Posted April. 15, 2009 03:02,   

한국어

In North Korea, the term “clothing-food-housing” is used as “food-clothing-housing.” Still, the North has failed to resolve its chronic food shortage, its most serious problem during its “March of Pain” in the mid-1990s. It is hard to imagine the real situation back then since sources say as many as three million people starved to death. The starvation stems in part from international sanctions on the North resulting from its attempt to develop nuclear weapons and from natural disasters. The fundamental cause, however, lies in the failure of the North’s political, economic and social systems. North Koreans are not lazier or less smart than South Koreans. The food shortage in the North appeared to be easing thanks to food aid from the United Nations, the United States and South Korea, but began worsening again in 2007.

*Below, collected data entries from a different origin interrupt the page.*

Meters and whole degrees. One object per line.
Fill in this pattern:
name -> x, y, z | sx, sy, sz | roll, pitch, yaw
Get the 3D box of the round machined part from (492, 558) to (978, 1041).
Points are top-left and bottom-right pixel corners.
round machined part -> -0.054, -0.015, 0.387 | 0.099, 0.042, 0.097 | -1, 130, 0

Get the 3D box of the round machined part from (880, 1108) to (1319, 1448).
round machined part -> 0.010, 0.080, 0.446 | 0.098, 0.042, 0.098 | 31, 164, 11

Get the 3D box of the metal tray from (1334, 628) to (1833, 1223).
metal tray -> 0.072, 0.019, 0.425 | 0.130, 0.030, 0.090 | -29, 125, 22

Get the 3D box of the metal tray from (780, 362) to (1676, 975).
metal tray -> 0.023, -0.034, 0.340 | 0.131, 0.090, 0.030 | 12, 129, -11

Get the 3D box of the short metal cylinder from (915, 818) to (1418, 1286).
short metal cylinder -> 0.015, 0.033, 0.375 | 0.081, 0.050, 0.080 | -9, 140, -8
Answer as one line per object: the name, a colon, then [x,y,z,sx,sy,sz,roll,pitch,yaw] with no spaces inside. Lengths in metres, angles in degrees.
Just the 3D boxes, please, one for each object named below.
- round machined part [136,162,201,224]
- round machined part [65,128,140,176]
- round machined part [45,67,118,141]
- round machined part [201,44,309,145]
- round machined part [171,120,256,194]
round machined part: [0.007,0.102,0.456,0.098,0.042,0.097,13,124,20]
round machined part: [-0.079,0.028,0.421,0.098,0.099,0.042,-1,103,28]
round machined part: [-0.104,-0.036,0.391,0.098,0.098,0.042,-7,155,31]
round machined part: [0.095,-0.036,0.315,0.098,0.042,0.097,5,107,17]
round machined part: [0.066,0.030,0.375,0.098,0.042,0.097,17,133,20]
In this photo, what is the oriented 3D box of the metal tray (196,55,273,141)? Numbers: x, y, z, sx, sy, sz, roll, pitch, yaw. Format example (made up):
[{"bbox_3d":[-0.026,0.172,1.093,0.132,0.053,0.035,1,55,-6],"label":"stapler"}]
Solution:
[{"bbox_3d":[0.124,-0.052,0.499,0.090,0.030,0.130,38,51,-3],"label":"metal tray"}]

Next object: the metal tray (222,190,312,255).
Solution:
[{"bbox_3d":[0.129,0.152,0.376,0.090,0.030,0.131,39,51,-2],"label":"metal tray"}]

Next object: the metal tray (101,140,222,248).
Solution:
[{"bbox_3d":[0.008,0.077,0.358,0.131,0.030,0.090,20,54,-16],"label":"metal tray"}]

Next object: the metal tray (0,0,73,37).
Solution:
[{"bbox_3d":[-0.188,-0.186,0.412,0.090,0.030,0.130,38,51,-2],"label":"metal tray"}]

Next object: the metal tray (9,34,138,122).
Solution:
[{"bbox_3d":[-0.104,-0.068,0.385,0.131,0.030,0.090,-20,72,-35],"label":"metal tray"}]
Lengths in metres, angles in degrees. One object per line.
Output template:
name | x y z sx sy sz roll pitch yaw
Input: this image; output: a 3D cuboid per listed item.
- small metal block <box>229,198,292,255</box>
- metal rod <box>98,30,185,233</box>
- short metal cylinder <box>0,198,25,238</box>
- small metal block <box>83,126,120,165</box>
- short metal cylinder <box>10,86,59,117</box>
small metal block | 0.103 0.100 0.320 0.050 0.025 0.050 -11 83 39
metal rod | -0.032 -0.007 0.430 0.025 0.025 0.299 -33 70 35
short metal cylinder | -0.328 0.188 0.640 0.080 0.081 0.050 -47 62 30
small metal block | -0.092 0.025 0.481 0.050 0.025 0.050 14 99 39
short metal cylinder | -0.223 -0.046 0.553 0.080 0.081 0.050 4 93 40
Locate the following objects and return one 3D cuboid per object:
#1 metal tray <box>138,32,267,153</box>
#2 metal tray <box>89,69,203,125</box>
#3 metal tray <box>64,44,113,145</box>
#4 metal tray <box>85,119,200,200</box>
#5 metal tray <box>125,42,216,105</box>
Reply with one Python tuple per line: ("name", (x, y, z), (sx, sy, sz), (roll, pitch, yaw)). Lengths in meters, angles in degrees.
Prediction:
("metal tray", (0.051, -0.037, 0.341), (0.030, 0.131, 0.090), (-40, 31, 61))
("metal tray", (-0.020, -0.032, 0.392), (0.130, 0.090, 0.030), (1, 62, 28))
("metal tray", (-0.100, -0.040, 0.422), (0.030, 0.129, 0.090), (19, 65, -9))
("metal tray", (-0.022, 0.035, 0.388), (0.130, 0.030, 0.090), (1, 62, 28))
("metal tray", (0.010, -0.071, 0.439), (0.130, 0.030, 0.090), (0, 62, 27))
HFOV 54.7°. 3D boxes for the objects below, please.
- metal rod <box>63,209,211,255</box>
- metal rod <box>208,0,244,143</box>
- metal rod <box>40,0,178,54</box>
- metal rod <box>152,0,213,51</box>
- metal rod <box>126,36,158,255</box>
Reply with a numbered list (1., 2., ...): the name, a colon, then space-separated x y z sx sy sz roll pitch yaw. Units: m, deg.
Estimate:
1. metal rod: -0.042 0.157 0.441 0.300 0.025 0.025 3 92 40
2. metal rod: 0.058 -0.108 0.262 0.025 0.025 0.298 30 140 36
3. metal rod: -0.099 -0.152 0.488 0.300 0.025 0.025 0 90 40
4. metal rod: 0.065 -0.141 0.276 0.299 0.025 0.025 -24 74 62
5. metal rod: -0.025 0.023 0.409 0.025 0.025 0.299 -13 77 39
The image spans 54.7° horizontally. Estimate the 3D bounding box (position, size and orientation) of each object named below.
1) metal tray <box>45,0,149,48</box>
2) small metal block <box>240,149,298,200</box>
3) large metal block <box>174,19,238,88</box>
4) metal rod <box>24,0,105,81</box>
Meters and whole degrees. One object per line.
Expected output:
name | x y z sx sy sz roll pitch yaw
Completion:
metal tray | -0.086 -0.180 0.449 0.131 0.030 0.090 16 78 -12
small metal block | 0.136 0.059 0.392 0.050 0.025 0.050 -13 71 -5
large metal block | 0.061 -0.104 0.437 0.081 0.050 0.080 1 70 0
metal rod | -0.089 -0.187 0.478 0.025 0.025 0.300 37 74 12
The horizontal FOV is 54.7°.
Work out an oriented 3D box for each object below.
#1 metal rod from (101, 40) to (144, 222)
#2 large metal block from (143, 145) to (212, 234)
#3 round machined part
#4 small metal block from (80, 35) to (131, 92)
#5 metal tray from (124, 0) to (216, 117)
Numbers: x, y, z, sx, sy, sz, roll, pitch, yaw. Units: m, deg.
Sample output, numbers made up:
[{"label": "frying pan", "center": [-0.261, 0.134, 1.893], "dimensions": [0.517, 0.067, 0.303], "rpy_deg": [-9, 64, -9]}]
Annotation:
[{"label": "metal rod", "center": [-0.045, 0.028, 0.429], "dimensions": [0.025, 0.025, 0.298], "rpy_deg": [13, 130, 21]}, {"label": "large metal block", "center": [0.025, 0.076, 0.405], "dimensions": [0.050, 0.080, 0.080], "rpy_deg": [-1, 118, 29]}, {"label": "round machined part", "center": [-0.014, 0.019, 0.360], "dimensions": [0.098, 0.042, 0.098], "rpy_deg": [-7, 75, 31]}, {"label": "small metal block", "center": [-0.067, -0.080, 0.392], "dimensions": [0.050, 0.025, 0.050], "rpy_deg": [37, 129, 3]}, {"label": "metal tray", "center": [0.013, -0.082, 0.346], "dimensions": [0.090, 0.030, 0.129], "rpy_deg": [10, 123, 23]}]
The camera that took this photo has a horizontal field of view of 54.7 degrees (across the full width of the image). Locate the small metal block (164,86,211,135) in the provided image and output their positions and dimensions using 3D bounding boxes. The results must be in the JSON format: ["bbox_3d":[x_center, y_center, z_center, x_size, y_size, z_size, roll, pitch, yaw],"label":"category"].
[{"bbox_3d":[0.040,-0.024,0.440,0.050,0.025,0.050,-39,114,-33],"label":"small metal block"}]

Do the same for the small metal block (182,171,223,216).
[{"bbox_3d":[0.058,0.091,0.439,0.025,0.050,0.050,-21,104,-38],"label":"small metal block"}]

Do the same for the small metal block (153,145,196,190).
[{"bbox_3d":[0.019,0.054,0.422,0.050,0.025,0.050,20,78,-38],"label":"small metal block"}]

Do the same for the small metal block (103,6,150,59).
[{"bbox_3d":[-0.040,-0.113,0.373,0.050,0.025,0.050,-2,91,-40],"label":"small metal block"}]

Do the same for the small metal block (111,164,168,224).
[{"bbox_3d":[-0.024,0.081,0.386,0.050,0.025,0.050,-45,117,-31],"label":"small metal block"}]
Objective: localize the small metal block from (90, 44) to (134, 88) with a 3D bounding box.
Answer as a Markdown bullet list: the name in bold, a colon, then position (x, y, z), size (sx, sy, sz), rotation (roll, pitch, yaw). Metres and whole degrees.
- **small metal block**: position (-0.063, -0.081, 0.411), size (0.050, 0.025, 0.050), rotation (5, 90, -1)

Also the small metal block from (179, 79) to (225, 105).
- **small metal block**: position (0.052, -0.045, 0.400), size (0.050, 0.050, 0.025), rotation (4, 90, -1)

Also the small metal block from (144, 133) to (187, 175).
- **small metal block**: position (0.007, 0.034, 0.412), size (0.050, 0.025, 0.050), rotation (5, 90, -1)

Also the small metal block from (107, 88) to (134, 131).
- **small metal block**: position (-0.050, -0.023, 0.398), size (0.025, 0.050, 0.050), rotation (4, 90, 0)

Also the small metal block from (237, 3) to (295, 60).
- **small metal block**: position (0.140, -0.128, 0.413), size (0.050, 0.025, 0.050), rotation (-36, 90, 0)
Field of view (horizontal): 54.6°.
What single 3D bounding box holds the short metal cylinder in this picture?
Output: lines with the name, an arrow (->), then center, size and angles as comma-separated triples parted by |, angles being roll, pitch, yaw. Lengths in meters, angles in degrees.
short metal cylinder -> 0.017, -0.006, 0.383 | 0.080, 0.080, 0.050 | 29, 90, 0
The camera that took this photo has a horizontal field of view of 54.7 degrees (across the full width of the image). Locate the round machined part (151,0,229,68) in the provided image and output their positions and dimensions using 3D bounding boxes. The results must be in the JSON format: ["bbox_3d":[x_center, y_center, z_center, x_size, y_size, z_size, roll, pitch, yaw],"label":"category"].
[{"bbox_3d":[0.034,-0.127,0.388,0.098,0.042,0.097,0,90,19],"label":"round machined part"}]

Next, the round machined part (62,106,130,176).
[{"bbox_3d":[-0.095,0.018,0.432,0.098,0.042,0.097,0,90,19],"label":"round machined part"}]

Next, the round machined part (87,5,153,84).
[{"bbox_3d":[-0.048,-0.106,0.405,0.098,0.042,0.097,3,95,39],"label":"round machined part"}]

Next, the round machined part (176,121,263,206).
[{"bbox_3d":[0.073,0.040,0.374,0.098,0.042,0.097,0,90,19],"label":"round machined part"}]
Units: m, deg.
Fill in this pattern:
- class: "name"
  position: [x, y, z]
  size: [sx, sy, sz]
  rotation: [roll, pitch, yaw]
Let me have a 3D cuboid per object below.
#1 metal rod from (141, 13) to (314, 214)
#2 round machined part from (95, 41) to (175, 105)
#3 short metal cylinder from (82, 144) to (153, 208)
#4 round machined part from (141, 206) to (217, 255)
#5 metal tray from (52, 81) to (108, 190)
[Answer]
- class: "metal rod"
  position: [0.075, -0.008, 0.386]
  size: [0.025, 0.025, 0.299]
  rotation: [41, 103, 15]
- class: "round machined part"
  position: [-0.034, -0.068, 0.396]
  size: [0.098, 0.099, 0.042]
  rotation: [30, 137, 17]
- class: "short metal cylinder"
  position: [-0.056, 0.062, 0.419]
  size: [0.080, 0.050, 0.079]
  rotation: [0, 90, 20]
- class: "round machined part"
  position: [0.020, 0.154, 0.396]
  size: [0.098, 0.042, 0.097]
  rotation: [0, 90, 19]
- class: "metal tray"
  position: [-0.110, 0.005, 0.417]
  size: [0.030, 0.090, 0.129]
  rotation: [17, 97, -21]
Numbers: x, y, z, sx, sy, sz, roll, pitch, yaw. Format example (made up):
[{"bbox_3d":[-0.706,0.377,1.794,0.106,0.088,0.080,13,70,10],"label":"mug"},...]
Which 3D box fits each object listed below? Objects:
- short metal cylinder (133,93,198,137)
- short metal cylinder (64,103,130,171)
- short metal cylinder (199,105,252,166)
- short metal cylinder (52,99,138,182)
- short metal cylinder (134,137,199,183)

North Korean defectors who settled in the South classify social classes in the North according to the food served on a table. The upper class enjoys boiled rice, meat, fruit, squid and ice cream for dinner, while the middle class get boiled rice but no other side dishes. The lower class mostly eats other grains. Even in the North Korean military, the centerpiece of the communist regime, the term “strongly undernourished fellow” is the latest buzzword, demonstrating how serious the food situation is in the North.

Lower class families who eat corn, potatoes and noodles are relatively better off than those in extreme poverty. Nearly half of the North’s population is close to being extremely poor who must find foodstuffs for lunch right after eating breakfast and for dinner soon after having lunch. The most representative food for these people is “artificial meat” that is served as feed for pigs. Artificial meat is a noodle made of paste stemming from bean shells produced in a tofu factory. The “March of Pain” started in 1994, when the first North Korean nuclear crisis erupted due to the nuclear facilities in Yongbyon. The North’s 2006 nuclear test was a major cause of aggravated food shortages in 2007 and last year.

Pyongyang spent 300 million U.S. dollars to launch the Taepodong-2 April 5. This amount could have bought one million tons of food for the North’s starving population. The late North Korean leader Kim Il Sung would say, “The government should enable the people to eat boiled rice and meat soup, wear silk clothes, and live in traditional tile-roofed houses.” For the North to realize this, it should have focused on feeding its population rather than developing nuclear weapons or missiles. The Washington Post said North Korean teenagers who fled the North weep due to a sense of guilt when eating boiled rice. Doing so brings to mind the families they left behind in the North. The person who should feel the most guilt is none other than North Korean leader Kim Jong Il. He alone enjoys sumptuous food yet calls for a strong military country.